諸国空想料理店 (ちくま文庫)味覚日乗 (ちくま文庫)
2冊読了。高山なおみさんの『諸国空想料理店』と、辰巳芳子さんの『味覚日乗』。高山さんの本は今はなき「kuukuu」でのこと、タイやベトナムに旅行した時のことなどがレシピとともに綴られているもので、彼女の初エッセイらしい。たしかに初々しい部分も感じるけど、情景が思い浮かんだり、料理のおいしそうなかおりのする文章ってなかなか書けない。料理にも文章にも感性が研ぎすまされてる感じがする。


一方の辰巳さんの本は、生活のなかに溶け込んだ料理、素材のことを的確な文章で、そして微笑みをまじえて書いてある感じ。なにしろ小さい頃から料理家である母親の元で育ってるから、知識の豊富さは凄い。それをひけらかすのではなく、大袈裟にいえば愛を込めて伝えてくれてる感じ。私の大好きな「むかご」を取り上げた文章があった。昔は(うちだけかもしれないけど)、土手につくしを取りに行ったり、両親は山菜をとりにいったり、落ちてるむかごを拾ってきては蒸かして食べてたっけ。そんなことを思い出したりなんかした。

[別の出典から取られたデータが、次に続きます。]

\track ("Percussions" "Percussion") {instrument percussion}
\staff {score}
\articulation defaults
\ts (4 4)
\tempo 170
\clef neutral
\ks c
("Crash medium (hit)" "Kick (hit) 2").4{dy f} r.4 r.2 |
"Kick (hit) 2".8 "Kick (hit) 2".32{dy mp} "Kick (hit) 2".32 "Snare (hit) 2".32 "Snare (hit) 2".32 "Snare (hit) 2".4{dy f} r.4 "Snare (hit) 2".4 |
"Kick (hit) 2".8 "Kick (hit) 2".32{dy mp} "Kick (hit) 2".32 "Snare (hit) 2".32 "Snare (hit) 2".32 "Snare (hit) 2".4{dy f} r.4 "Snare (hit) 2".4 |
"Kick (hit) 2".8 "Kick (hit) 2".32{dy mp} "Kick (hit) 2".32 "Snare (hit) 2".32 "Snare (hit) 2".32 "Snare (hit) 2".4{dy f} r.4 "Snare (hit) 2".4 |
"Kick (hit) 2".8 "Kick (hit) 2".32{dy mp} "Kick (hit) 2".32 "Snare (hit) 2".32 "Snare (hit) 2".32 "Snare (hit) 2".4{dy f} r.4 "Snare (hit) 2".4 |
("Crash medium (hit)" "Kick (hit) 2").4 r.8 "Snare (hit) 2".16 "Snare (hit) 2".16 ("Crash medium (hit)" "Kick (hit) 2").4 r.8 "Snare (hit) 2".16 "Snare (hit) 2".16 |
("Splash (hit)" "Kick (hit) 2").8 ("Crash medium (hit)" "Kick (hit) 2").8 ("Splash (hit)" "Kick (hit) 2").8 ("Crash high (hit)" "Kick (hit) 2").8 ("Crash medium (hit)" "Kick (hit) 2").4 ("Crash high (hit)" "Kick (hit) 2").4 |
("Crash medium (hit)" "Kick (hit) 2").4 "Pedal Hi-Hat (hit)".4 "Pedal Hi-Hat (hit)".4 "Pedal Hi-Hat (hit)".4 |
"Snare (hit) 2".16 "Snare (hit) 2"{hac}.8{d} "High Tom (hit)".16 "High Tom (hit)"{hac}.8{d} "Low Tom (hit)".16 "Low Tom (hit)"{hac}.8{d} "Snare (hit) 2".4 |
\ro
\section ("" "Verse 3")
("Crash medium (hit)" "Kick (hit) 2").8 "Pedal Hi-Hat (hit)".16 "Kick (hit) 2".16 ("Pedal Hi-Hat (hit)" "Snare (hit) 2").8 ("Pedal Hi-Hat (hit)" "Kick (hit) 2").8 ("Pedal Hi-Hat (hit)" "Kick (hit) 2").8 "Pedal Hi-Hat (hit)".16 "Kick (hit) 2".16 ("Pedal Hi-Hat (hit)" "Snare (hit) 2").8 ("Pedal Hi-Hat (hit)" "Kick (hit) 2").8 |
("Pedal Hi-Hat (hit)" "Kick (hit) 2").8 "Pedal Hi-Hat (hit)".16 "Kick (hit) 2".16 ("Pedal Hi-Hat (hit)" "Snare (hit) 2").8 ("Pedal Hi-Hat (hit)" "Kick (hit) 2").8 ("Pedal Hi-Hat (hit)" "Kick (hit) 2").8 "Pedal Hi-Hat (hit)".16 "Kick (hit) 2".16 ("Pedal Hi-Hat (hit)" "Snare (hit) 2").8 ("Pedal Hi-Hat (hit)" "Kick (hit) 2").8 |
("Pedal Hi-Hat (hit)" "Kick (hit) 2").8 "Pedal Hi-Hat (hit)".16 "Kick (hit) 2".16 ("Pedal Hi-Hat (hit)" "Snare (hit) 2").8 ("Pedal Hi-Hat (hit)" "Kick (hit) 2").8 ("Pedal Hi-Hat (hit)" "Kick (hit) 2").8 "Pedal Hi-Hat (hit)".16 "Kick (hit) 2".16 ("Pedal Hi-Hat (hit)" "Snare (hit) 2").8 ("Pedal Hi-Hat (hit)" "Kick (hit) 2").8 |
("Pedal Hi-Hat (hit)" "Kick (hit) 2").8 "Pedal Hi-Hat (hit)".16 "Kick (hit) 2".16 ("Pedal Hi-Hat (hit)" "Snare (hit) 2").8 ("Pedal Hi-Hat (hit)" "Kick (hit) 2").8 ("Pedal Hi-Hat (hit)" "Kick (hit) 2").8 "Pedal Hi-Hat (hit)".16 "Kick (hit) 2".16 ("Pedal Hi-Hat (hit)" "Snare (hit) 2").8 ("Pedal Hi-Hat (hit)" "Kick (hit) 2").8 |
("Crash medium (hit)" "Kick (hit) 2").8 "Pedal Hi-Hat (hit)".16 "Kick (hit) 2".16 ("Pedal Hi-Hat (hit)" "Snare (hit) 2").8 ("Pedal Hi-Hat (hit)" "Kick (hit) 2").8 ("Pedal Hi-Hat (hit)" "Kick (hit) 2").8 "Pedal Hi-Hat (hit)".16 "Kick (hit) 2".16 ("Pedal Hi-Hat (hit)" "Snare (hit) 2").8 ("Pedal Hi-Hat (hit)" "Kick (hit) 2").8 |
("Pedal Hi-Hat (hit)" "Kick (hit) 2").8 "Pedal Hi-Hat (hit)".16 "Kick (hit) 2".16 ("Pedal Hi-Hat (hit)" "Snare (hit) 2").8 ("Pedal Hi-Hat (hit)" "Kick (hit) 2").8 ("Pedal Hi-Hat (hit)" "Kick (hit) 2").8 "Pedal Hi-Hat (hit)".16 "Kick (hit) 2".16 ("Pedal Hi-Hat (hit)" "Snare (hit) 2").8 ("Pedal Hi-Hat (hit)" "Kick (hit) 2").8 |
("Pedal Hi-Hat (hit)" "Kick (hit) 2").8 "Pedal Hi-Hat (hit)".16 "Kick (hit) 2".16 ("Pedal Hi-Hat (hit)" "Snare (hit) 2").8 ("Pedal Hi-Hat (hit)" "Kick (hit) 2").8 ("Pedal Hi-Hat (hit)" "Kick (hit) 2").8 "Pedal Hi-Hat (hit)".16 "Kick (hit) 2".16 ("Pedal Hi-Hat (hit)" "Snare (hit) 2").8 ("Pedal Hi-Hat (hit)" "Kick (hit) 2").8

高山さんと辰巳さんをくらべると、タイトルにもしたけど、高山さんは感性の人、辰巳さんは哲学の人という気がする。それは文章だけのことではなく、作られた料理にも反映されていると思う。高山さんのひらめきは、そのひらめきが生まれた瞬間のフレッシュさが料理にもある。辰巳さんの料理には、長年の経験にうらうちされた哲学がある。高山さんを始め、魅力的な料理家はたくさんいるけれど、感性だけでは限界があるのではないかと思ったりする。辰巳さんは感性+経験=哲学という気がするので。どんなに高山さんや有元さんが頑張っても何十年という経験の差がある以上、辰巳さんにはかなわない気がするんです。だからといって高山さんらがダメっていってるわけじゃなくて、辰巳さんの凄さを伝えたいだけなんですけどね…。高齢のせいか最近痩せてきているのが心配。お元気なうちに、いろんなものを吸収しておきたい気がします(昨年、講演会に行けて幸せでした)。